══ Data excerpts ══
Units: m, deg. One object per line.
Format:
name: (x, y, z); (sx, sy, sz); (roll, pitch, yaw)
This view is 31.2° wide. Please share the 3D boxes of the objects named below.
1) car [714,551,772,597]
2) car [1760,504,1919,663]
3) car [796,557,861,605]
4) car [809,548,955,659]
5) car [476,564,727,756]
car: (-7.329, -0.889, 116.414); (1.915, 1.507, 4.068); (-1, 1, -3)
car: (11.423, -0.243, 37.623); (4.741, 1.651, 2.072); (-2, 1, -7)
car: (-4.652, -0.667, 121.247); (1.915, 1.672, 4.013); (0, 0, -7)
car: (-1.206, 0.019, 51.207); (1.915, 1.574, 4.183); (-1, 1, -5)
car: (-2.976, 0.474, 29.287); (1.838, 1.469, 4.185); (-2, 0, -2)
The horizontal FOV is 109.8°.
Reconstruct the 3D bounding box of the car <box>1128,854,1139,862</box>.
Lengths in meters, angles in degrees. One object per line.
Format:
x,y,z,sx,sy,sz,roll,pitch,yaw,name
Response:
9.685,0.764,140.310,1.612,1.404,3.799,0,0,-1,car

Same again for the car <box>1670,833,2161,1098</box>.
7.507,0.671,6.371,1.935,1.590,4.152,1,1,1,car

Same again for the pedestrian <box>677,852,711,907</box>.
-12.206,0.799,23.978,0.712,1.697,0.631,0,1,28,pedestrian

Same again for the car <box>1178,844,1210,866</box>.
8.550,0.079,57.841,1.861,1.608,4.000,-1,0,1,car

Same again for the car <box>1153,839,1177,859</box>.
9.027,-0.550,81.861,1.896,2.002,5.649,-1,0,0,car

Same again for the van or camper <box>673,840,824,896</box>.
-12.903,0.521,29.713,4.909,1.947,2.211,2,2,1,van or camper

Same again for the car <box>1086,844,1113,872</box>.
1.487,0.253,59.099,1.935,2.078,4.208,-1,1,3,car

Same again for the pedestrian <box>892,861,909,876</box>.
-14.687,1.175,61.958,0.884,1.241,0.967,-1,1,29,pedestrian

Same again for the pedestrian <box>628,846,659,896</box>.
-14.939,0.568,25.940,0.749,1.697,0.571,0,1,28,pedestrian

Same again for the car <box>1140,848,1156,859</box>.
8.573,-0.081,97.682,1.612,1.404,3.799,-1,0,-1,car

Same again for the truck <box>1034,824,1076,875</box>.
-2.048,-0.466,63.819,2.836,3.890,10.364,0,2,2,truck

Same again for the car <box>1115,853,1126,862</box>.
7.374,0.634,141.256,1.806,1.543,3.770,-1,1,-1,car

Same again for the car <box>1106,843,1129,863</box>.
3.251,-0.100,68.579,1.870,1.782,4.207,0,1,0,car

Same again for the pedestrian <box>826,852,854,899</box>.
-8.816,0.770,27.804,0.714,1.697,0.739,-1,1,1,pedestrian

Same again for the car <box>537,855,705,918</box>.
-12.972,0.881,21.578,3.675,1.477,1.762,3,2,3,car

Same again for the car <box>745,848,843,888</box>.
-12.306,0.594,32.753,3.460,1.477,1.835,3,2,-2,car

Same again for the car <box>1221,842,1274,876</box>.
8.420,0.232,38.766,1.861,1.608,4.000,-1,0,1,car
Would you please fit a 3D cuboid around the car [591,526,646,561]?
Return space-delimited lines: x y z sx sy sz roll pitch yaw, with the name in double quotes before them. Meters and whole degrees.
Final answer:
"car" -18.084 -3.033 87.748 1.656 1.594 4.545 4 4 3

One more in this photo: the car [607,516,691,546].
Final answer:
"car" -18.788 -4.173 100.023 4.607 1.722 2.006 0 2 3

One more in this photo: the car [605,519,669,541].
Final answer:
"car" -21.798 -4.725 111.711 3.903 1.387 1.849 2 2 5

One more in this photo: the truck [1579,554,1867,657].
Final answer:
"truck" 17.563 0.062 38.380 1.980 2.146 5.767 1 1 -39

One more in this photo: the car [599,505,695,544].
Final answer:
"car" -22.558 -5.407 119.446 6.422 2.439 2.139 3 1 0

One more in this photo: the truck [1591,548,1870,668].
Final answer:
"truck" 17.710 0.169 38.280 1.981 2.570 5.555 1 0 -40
═══
== Task details ==
Please print the records above exactly from their first line. End with the line containing "4) car [809,548,955,659]", and include it.

== Written response ==
Units: m, deg. One object per line.
Format:
name: (x, y, z); (sx, sy, sz); (roll, pitch, yaw)
This view is 31.2° wide. Please share the 3D boxes of the objects named below.
1) car [714,551,772,597]
2) car [1760,504,1919,663]
3) car [796,557,861,605]
4) car [809,548,955,659]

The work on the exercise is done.